Knockhill
By Dunfermline
Fife
KY12 9TF
Tel: 01383 723337
Fax: 01383 620167
Website: www.knockhill.co.uk
Lap Record: 48.474s
Lap Record Holder: Shane Byrne, Suzuki
Directions:
Knockhill, in Southern Scotland, is some five miles north of Dunfermline, just off the A823, with the M90 motorway some four miles away. Edinburgh, a 45 minute drive, is some 20 miles to the south, Glasgow 50 miles to the west of the circuit.
Track Info:
In the 1970's, Tom Kinnaird was a great motorcycle fan who owned the land at South Lethans Farm, Knockhill, near Saline by Dunfermline, Fife. At the time, various amateur race meetings were held all around Scotland on loaned land for a few events per year and typically were on ex-wartime RAF airfields or Council public parks. Tom dreamed of adapting the existing resources and creating Scotland’s first full time all year motor race venue.
By linking a narrow service road to a disused railway line and returning it to the service road, a demanding layout of twists and turns drops and climbs made it a natural road circuit style of track 1.3 miles long (2 km) and 10 metres wide.

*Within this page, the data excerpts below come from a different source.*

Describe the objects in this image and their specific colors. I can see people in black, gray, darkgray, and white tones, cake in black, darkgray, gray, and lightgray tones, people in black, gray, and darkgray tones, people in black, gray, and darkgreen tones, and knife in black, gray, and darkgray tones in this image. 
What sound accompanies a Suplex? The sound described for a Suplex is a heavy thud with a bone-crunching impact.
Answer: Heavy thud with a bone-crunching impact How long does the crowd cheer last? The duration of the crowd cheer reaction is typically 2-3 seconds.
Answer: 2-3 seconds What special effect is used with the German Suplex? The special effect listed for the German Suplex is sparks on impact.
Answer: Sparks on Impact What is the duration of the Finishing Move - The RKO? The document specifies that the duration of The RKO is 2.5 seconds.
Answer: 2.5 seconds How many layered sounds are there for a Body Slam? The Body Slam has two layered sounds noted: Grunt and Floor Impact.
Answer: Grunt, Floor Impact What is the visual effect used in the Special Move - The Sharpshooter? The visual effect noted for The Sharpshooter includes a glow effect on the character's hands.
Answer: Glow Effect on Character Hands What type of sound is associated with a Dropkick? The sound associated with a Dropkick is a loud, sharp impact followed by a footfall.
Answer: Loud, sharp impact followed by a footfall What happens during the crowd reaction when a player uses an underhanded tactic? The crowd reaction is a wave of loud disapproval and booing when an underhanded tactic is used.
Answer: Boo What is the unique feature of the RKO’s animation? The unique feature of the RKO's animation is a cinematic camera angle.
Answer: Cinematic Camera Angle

The Knockhill Circuit is 800 feet above sea level and Tom used an old mechanical digger to scrape out and shape the foundations of the track, pit lane and competitors paddock.

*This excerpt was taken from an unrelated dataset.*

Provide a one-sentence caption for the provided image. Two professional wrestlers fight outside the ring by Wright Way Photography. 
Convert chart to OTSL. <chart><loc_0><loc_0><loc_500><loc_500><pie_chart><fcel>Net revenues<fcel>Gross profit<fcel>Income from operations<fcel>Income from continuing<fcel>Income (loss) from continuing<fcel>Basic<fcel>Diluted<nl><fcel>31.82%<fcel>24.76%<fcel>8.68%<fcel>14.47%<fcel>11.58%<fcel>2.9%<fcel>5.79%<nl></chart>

After more than two years the first motorcycle race event was held in the autumn of 1974- a record crowd turned out causing road chaos but a good sign for the future of Knockhill.
Over the next nine years, Tom Kinnaird leased out the venue on a year at a time basis to race fan businessmen who kept the track open and running but because they had their own businesses to run by day and Knockhill at weekends its on going development was in limbo and the overall condition deteriorated. Businessman Denis Dobbie failed in a grandiose plan to improve the facilities in this period and it was not until Derek Butcher, who had been racing motorcycles at Knockhill, purchased the track in 1983, that it became a permanent commercially run motor sports enterprise.
From 1984 onwards numerous improvements have been made to track safety buildings and services. Some several million has been spent over the years of Derek Butcher's ownership to make it Scotland's National Centre and a seven-day week operation with over forty full time staff and up to 100 part time at peak events. Two years ago, £100,000 was spent on changes in the pits area and widening of the approaches to McIntyres, Clarks and the Hairpin and the circuit now hosts 20,000 for a round of the British Superbike Championships.